Pictures stay out; everything else in the records is to be copied exactly.

+++

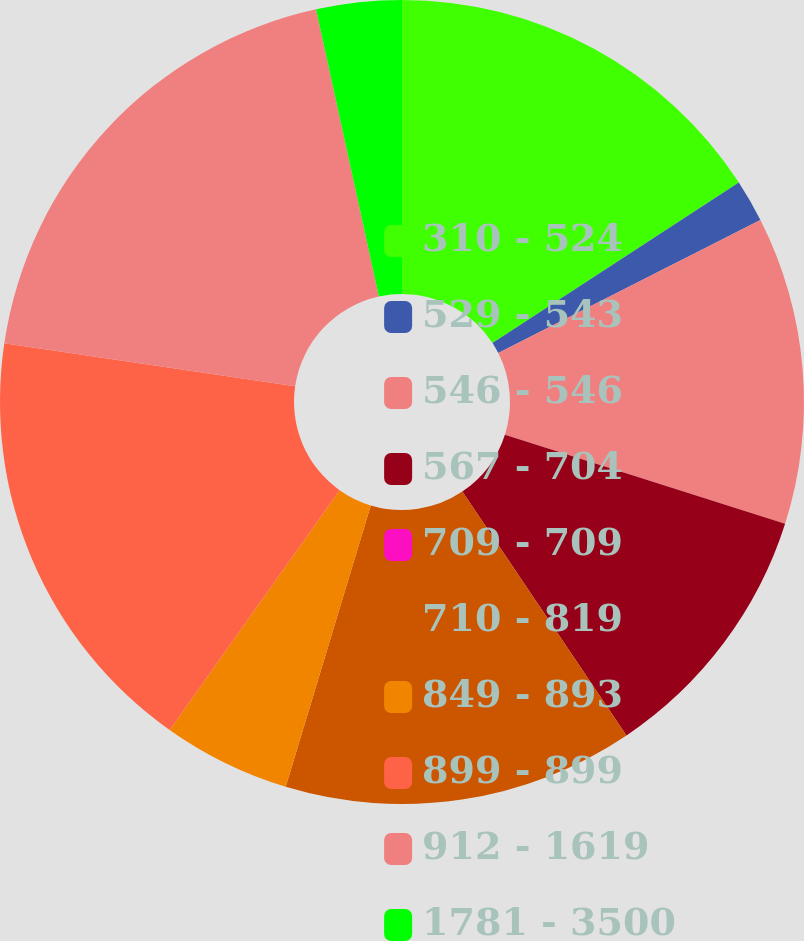Convert chart. <chart><loc_0><loc_0><loc_500><loc_500><pie_chart><fcel>310 - 524<fcel>529 - 543<fcel>546 - 546<fcel>567 - 704<fcel>709 - 709<fcel>710 - 819<fcel>849 - 893<fcel>899 - 899<fcel>912 - 1619<fcel>1781 - 3500<nl><fcel>15.81%<fcel>1.71%<fcel>12.38%<fcel>10.67%<fcel>0.0%<fcel>14.1%<fcel>5.14%<fcel>17.52%<fcel>19.24%<fcel>3.43%<nl></chart> 
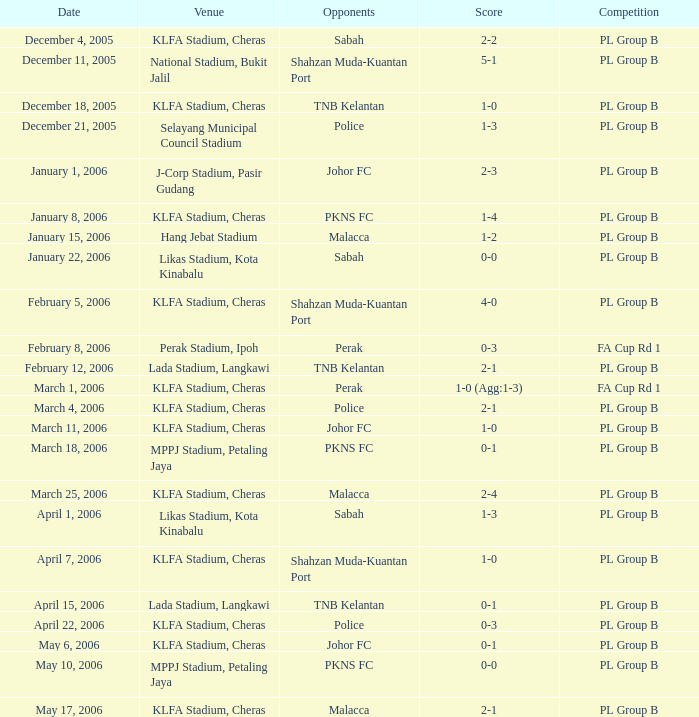Which event has competitors of pkns fc, and a tally of 0-0? PL Group B. 
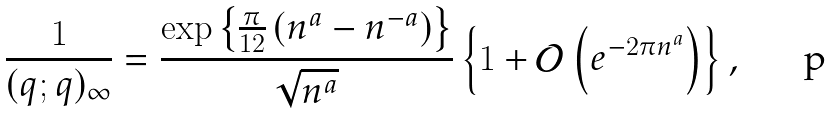<formula> <loc_0><loc_0><loc_500><loc_500>\frac { 1 } { ( q ; q ) _ { \infty } } = \frac { \exp \left \{ \frac { \pi } { 1 2 } \left ( n ^ { a } - n ^ { - a } \right ) \right \} } { \sqrt { n ^ { a } } } \left \{ 1 + \mathcal { O } \left ( e ^ { - 2 \pi n ^ { a } } \right ) \right \} ,</formula> 
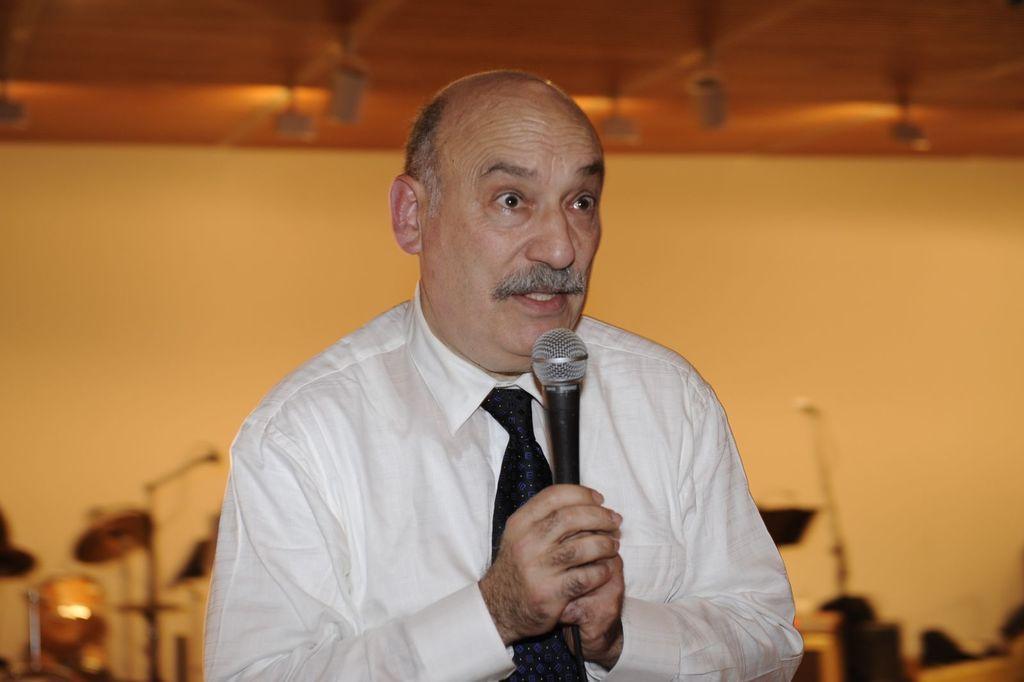Please provide a concise description of this image. A man is speaking in the microphone. He wear a shirt,tie. 
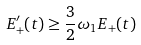<formula> <loc_0><loc_0><loc_500><loc_500>E _ { + } ^ { \prime } ( t ) \geq \frac { 3 } { 2 } \omega _ { 1 } E _ { + } ( t )</formula> 
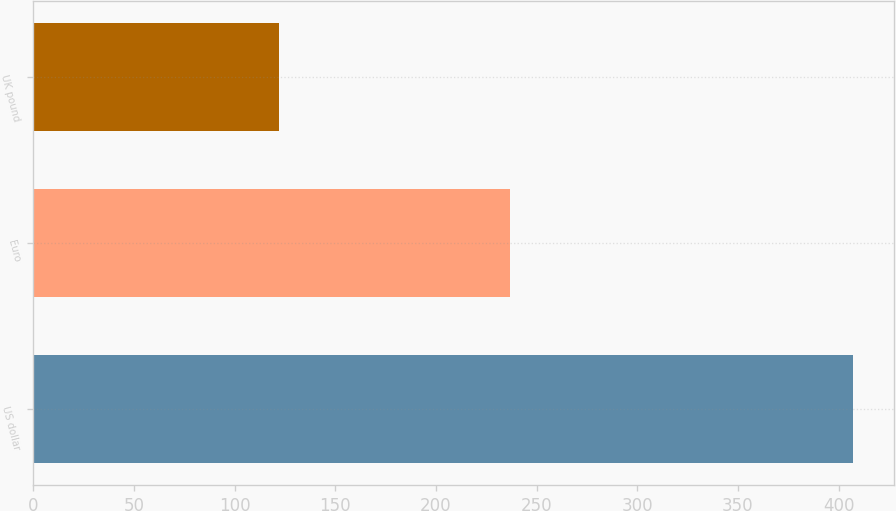Convert chart to OTSL. <chart><loc_0><loc_0><loc_500><loc_500><bar_chart><fcel>US dollar<fcel>Euro<fcel>UK pound<nl><fcel>407<fcel>237<fcel>122<nl></chart>

+++

* [Written response]
Convert chart. <chart><loc_0><loc_0><loc_500><loc_500><pie_chart><fcel>310 - 524<fcel>529 - 543<fcel>546 - 546<fcel>567 - 704<fcel>709 - 709<fcel>710 - 819<fcel>849 - 893<fcel>899 - 899<fcel>912 - 1619<fcel>1781 - 3500<nl><fcel>15.81%<fcel>1.71%<fcel>12.38%<fcel>10.67%<fcel>0.0%<fcel>14.1%<fcel>5.14%<fcel>17.52%<fcel>19.24%<fcel>3.43%<nl></chart> 
Which event has competitors of pkns fc, and a tally of 0-0? PL Group B. 
<formula> <loc_0><loc_0><loc_500><loc_500>\frac { 1 } { ( q ; q ) _ { \infty } } = \frac { \exp \left \{ \frac { \pi } { 1 2 } \left ( n ^ { a } - n ^ { - a } \right ) \right \} } { \sqrt { n ^ { a } } } \left \{ 1 + \mathcal { O } \left ( e ^ { - 2 \pi n ^ { a } } \right ) \right \} ,</formula> 
Please provide a concise description of this image. A man is speaking in the microphone. He wear a shirt,tie. 
<formula> <loc_0><loc_0><loc_500><loc_500>E _ { + } ^ { \prime } ( t ) \geq \frac { 3 } { 2 } \omega _ { 1 } E _ { + } ( t )</formula> 
Convert chart to OTSL. <chart><loc_0><loc_0><loc_500><loc_500><bar_chart><fcel>US dollar<fcel>Euro<fcel>UK pound<nl><fcel>407<fcel>237<fcel>122<nl></chart>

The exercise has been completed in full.